DataFog is an open-source DevSecOps platform that lets you scan and redact Personally Identifiable Information (PII) out of your Generative AI applications.

### What problem are we solving?

**Context**

The primary use case today is Retrieval Augmented Generation (RAG) systems. As a refresher, RAG systems operate by retrieving information from a custom knowledge base—constructed by you or your team—and leverage this information, either by directly citing the files in a response or inferred through the model's responses. This knowledge base is assembled through a deliberate process, which involves uploading files into a workflow. These files are then segmented into logical information blocks and tagged according to their contextual significance.

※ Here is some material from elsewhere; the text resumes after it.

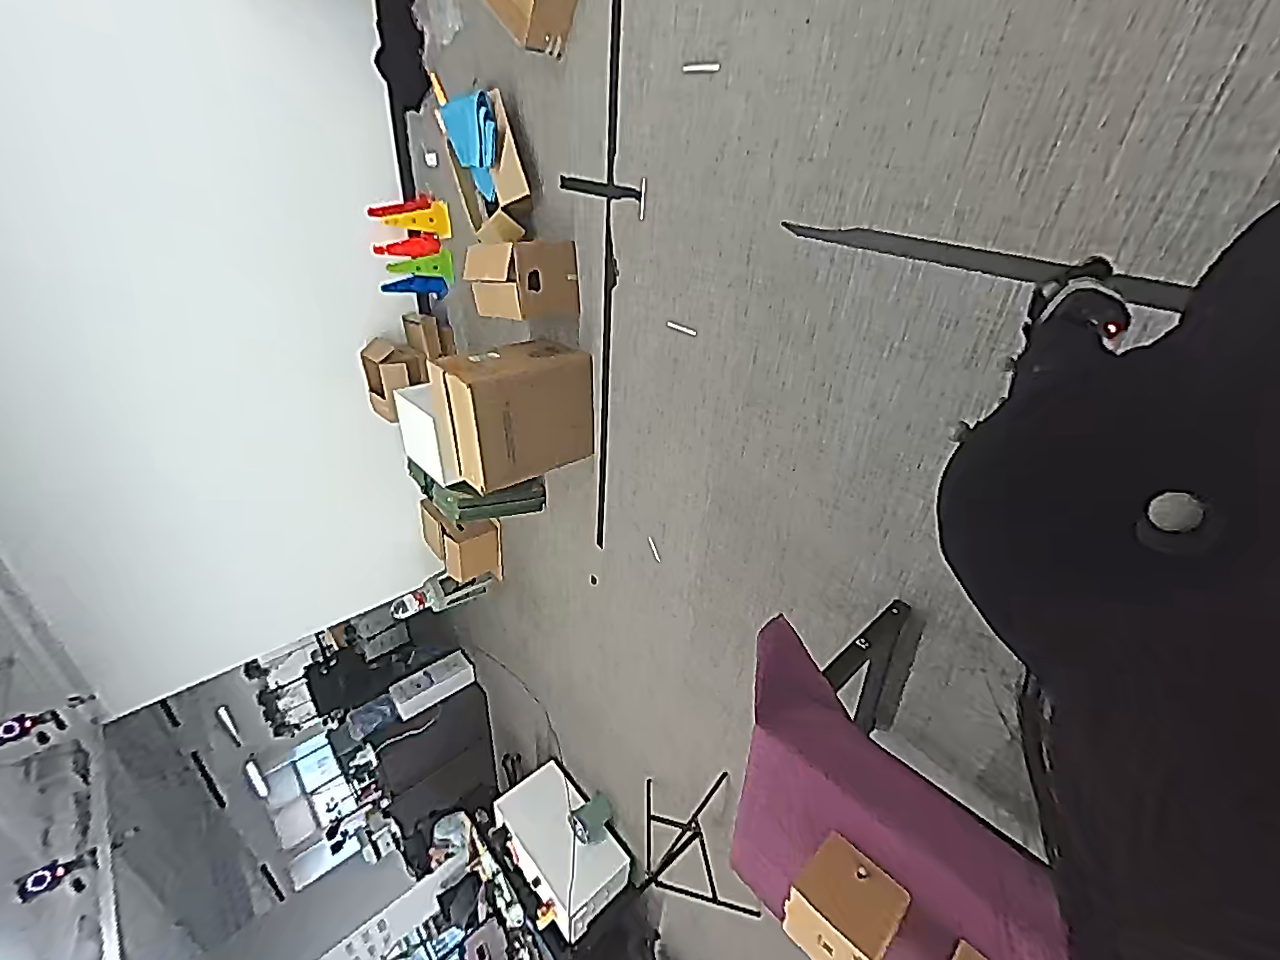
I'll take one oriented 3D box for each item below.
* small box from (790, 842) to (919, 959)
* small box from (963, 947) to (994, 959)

There are a thousand ways to add nuance to this characterization, but this suffices for the vast majority of cases!

**Problem**

How do you keep:

- Customer PII
- Employee PII
- Sensitive company information pertaining to org changes or restructurings
- Pending M&A activity
- Conversations with external counsel on material corporate matters (i.e. product recall, etc)
- and more

from entering a Generative AI environment in the first place? What you need is a tool to scan and redact your RAG-bound documents based on your organization or team needs.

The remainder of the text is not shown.